- From: Sam Ruby <rubys@us.ibm.com>
- Date: Fri, 01 Feb 2008 21:15:27 -0500
- To: Anne van Kesteren <annevk@opera.com>
- CC: Henri Sivonen <hsivonen@iki.fi>, HTML WG <public-html@w3.org>
Anne van Kesteren wrote: > On Fri, 01 Feb 2008 00:52:14 +0100, Sam Ruby <rubys@us.ibm.com> wrote: >> I believe that advice applies here. Spaces in IRI should be an error. > > You might want to have a look at the work on revising RFC 3987: > > https://datatracker.ietf.org/drafts/draft-duerst-iri-bis/ > > It introduces a "Legacy Extended IRI" (LEIRI) syntax that allows spaces > and various other characters. This syntax is primarily designed for > markup languages. IMHO, that would be unfortunate. As I pointed out, a common error I see in feeds is when trying to detect a URI is relative reference (a common error in RSS feeds where such usage is ambiguous) is that URI can't be parsed as a URI at all. Digging deeper, the problem often is a missing close quote (a missing open quote is another common error). I would be interested to see if Henri were to dig deeper into the specific errors he sees if this is also the case in his data. There also are languages like Ruby where URI.parse throws an exception when attempt is made to parse a purported URI that contains a space. I'll also point out that as URIs don't (currently) allow unecoded spaces or quote characters, one generally doesn't need to worry about quoting such values in the HTML5 serialization. Finally, I will point out that the exclusion of space characters wasn't an error or omission, it was a very explicit and consious decision. From http://www.ietf.org/rfc/rfc1630.txt (1994): The use of white space characters is risky in URIs to be printed or sent by electronic mail, and the use of multiple white space characters is very risky.

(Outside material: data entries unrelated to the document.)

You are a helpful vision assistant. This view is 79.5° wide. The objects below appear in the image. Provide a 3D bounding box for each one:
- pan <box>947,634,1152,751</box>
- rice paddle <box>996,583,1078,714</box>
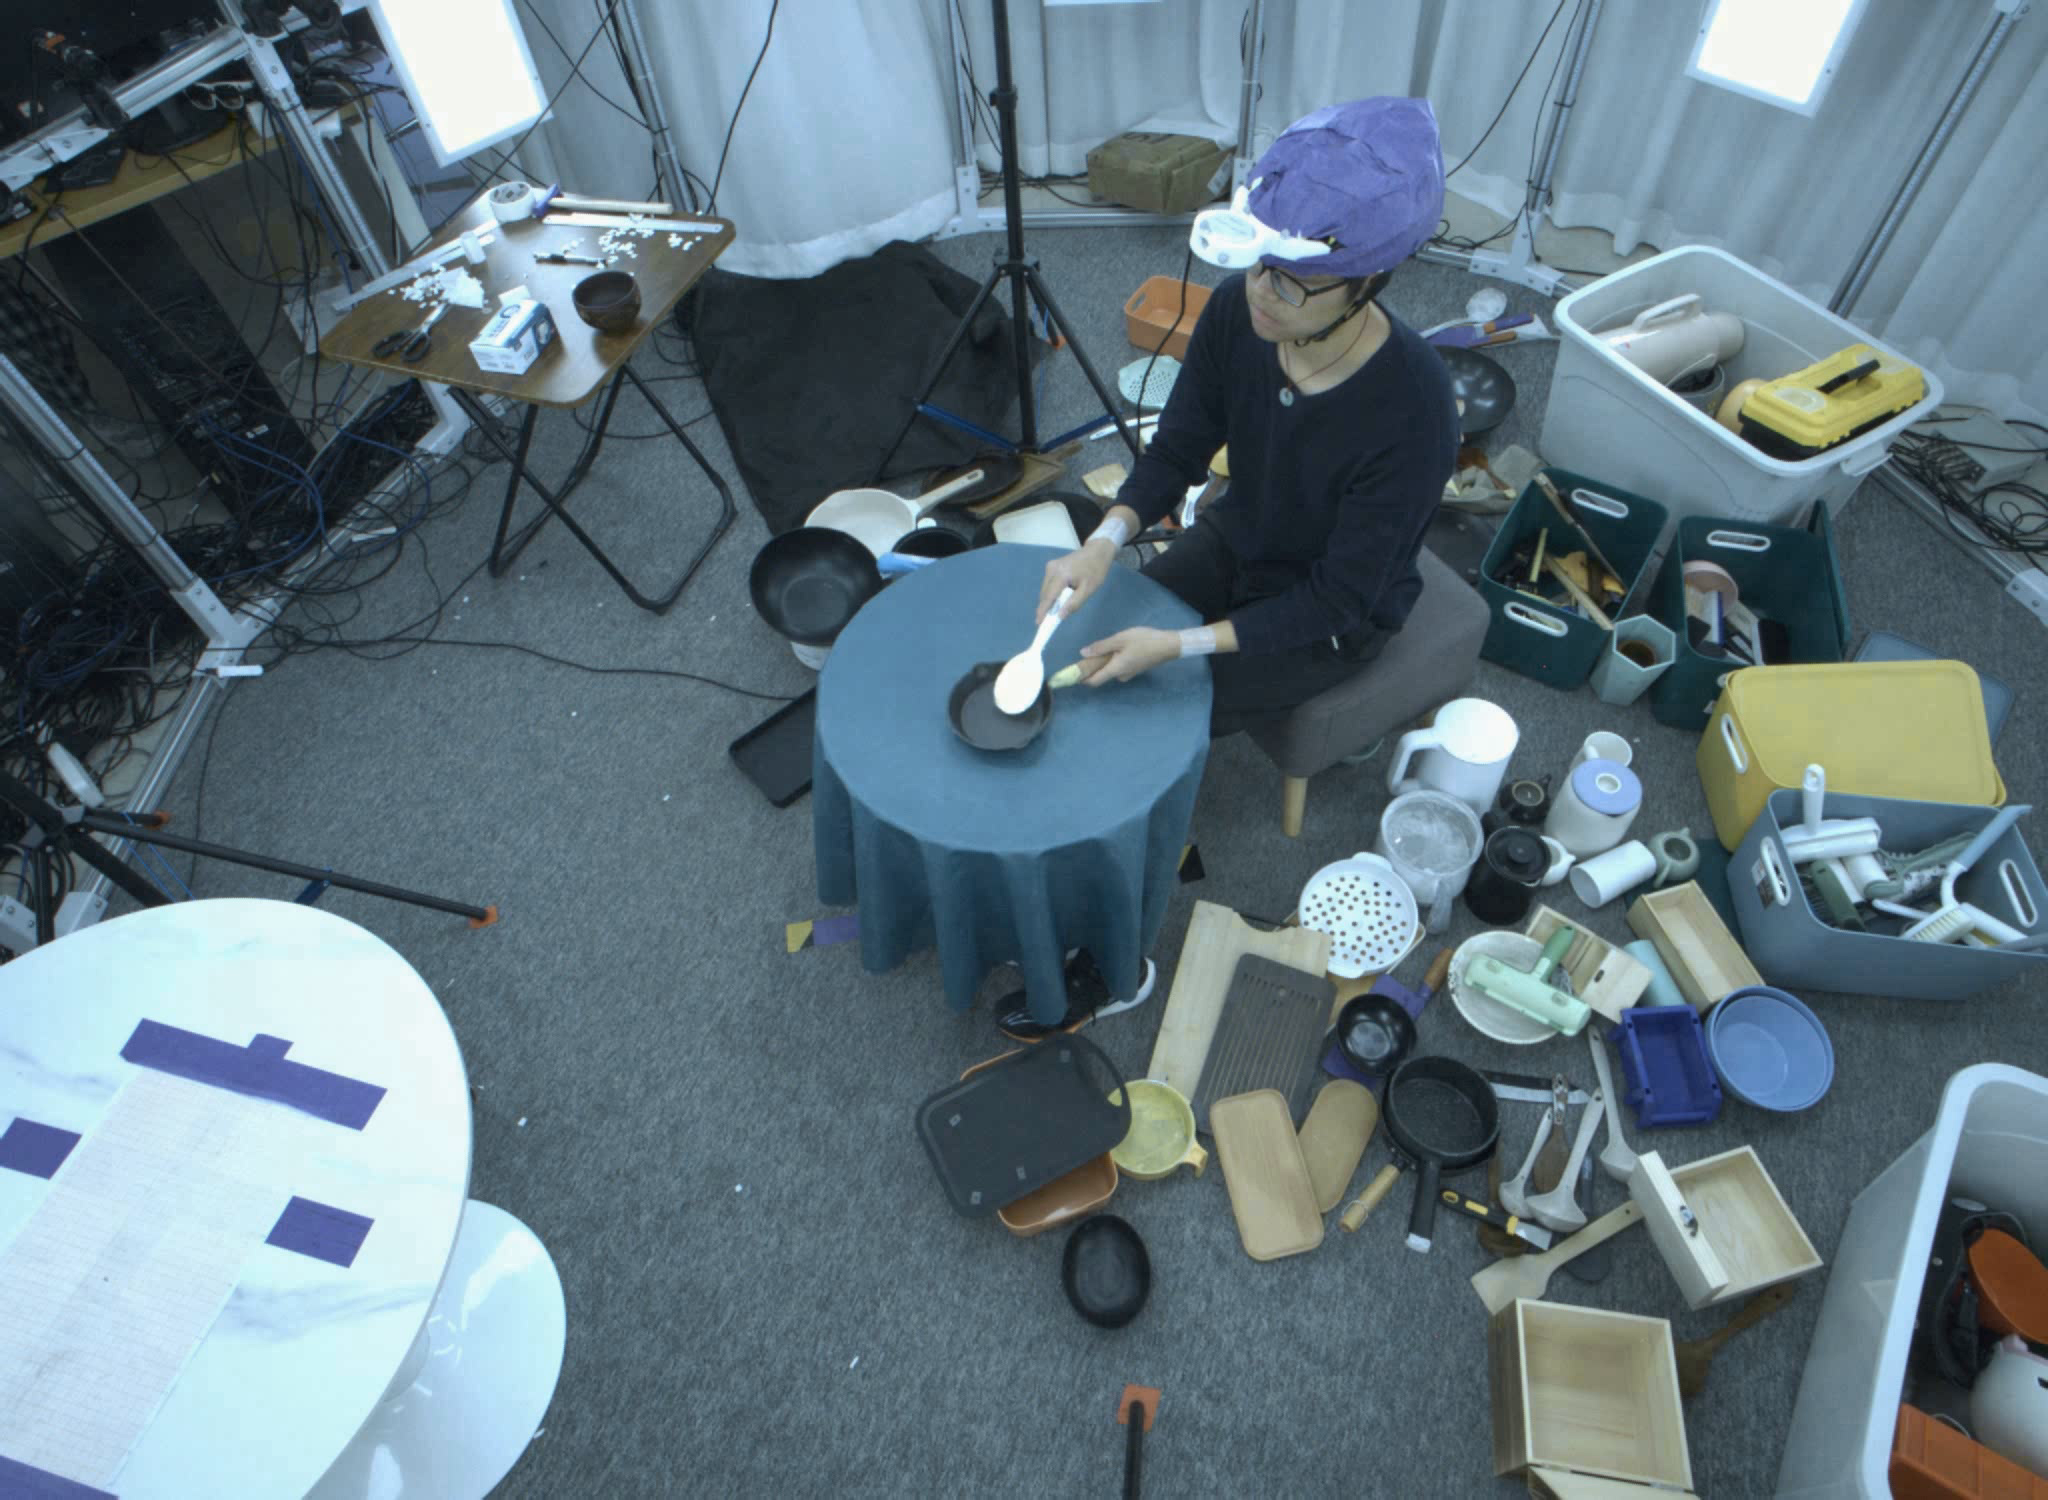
[{"bbox_3d":[0.043,-0.096,1.806,0.325,0.050,0.166,-23,59,-7],"label":"pan"},{"bbox_3d":[0.019,-0.147,1.793,0.068,0.030,0.205,27,91,21],"label":"rice paddle"}]
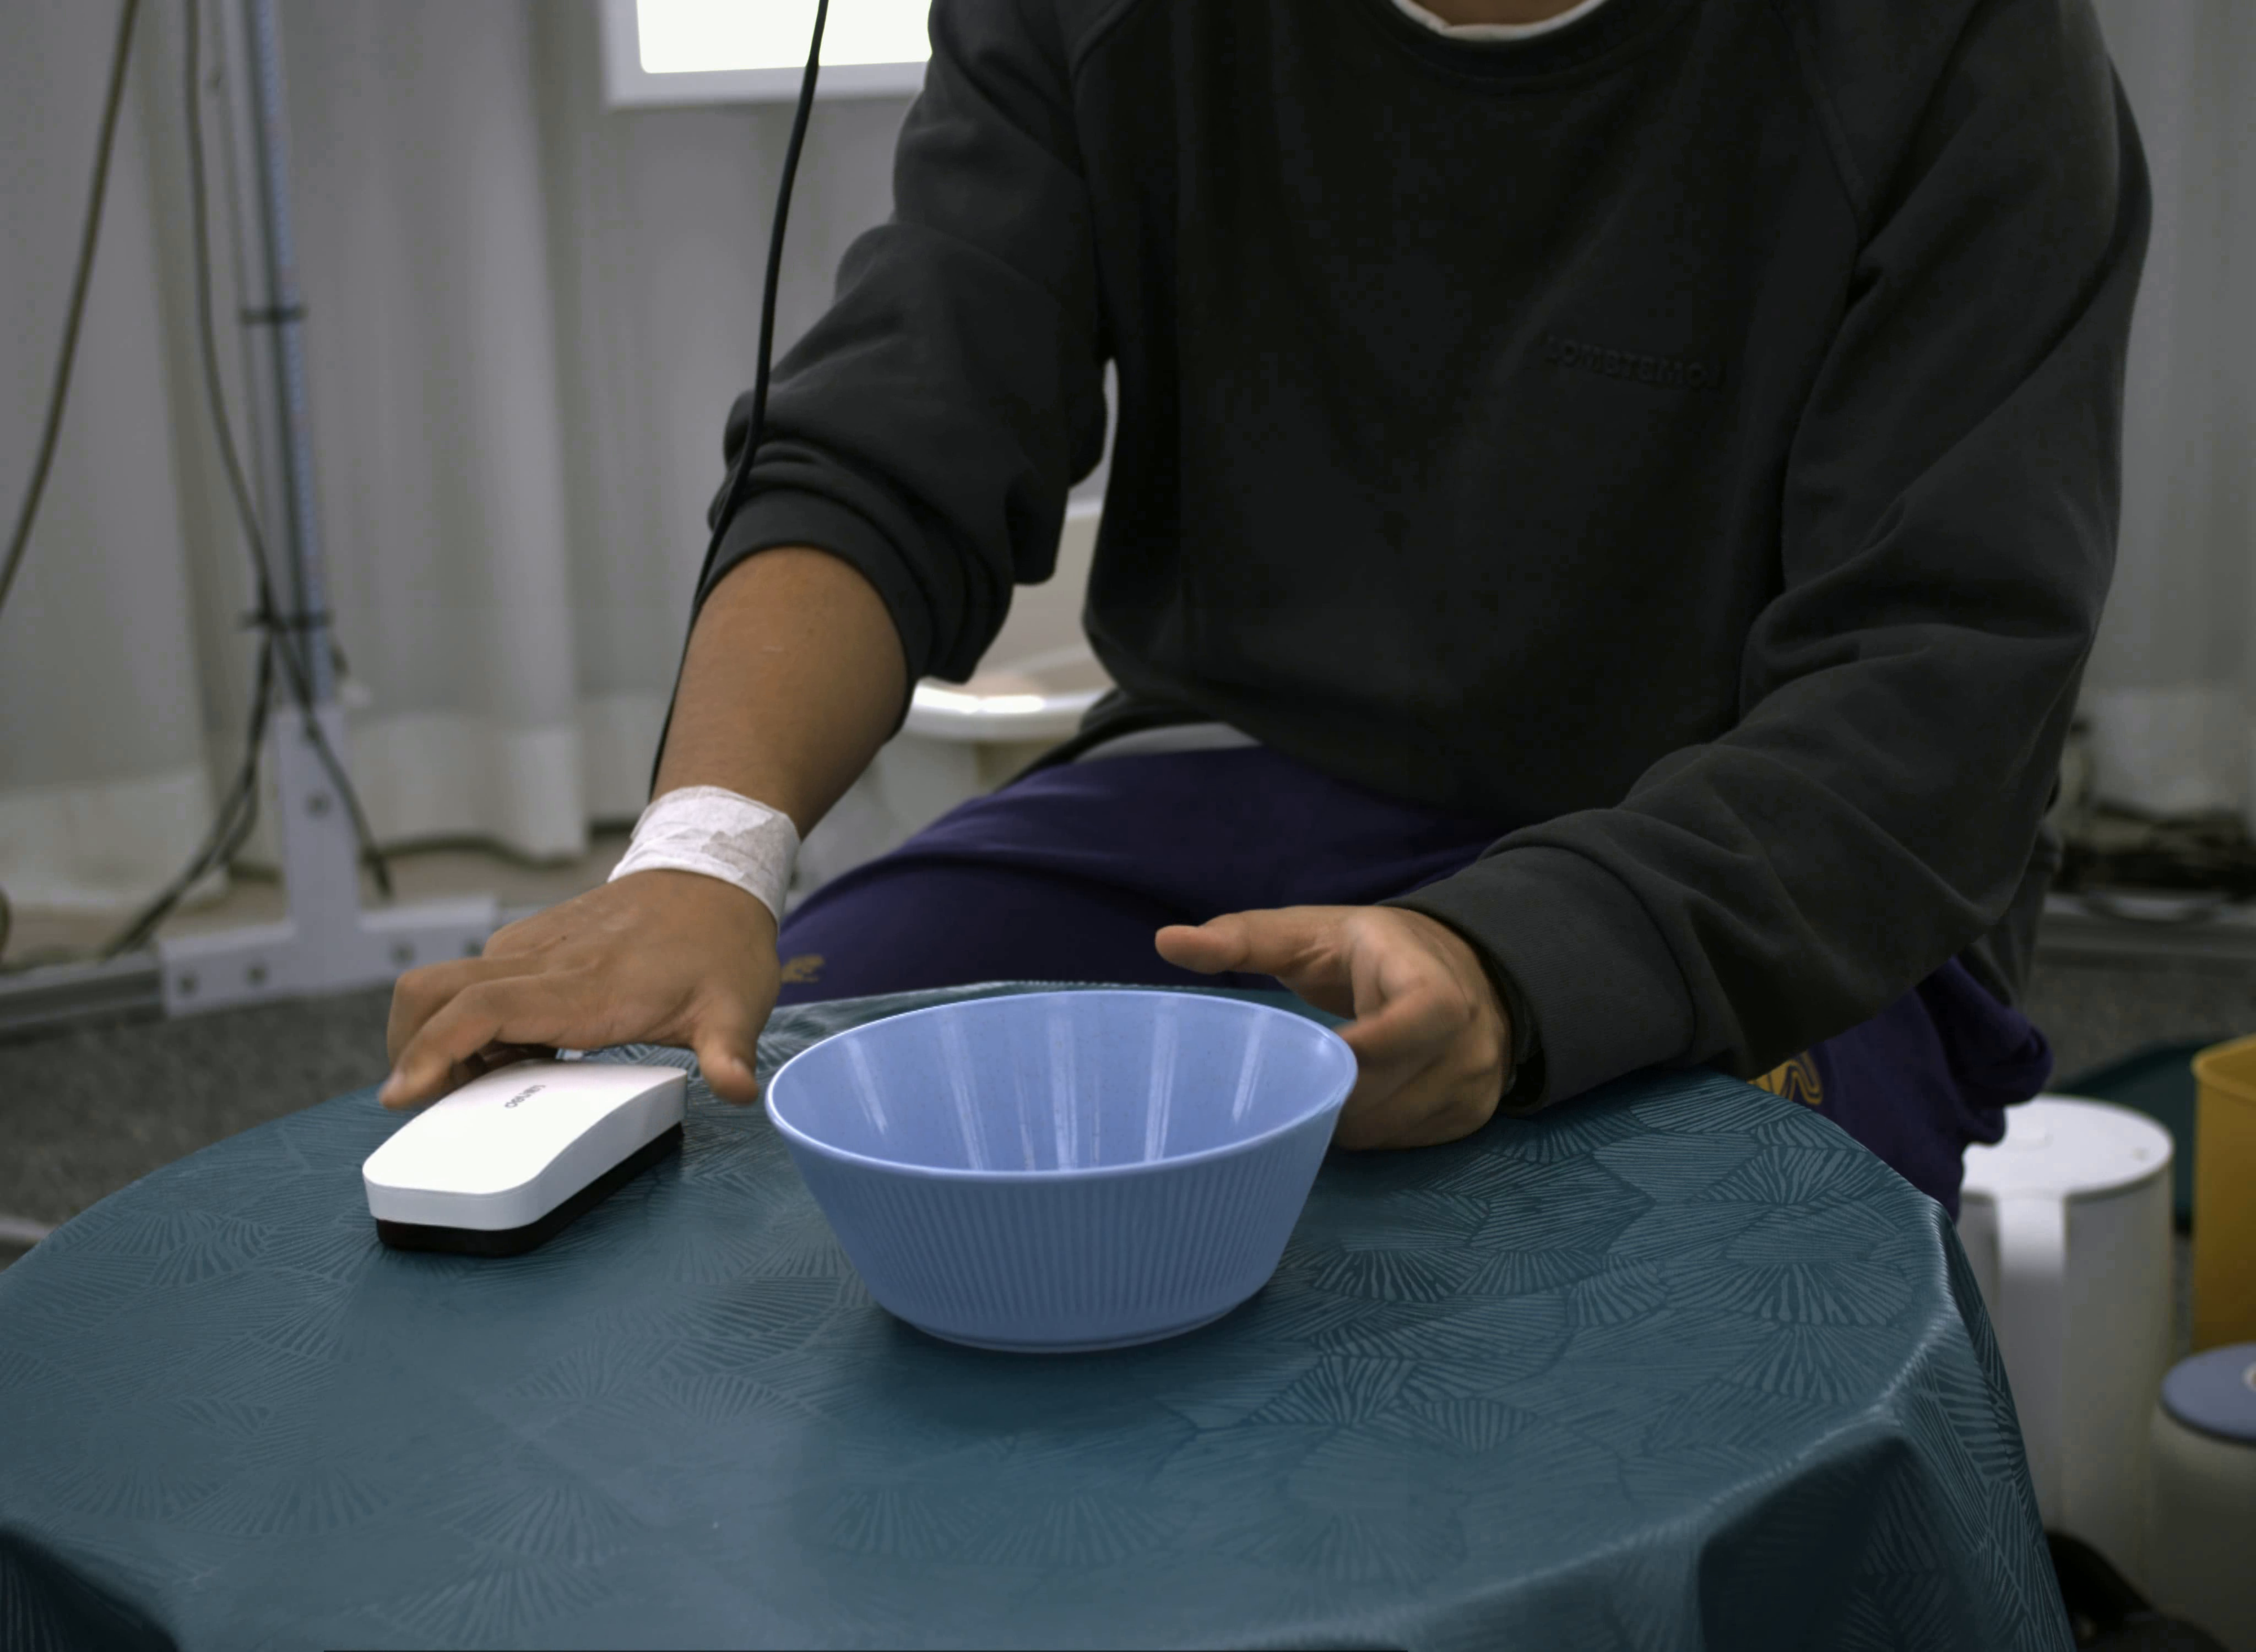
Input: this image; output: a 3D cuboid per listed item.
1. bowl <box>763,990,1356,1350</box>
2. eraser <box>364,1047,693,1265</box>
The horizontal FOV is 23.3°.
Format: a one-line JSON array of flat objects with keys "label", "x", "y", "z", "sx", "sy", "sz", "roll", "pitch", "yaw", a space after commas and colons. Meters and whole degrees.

This is because of the frequent introduction of extraneous white space when lines are wrapped by systems such as mail, or sheer necessity of narrow column width, and because of the inter-conversion of various forms of white space which occurs during character code conversion and the transfer of text between applications. This is why the canonical form for URIs has all white spaces encoded. - Sam Ruby
Received on Saturday, 2 February 2008 02:15:51 UTC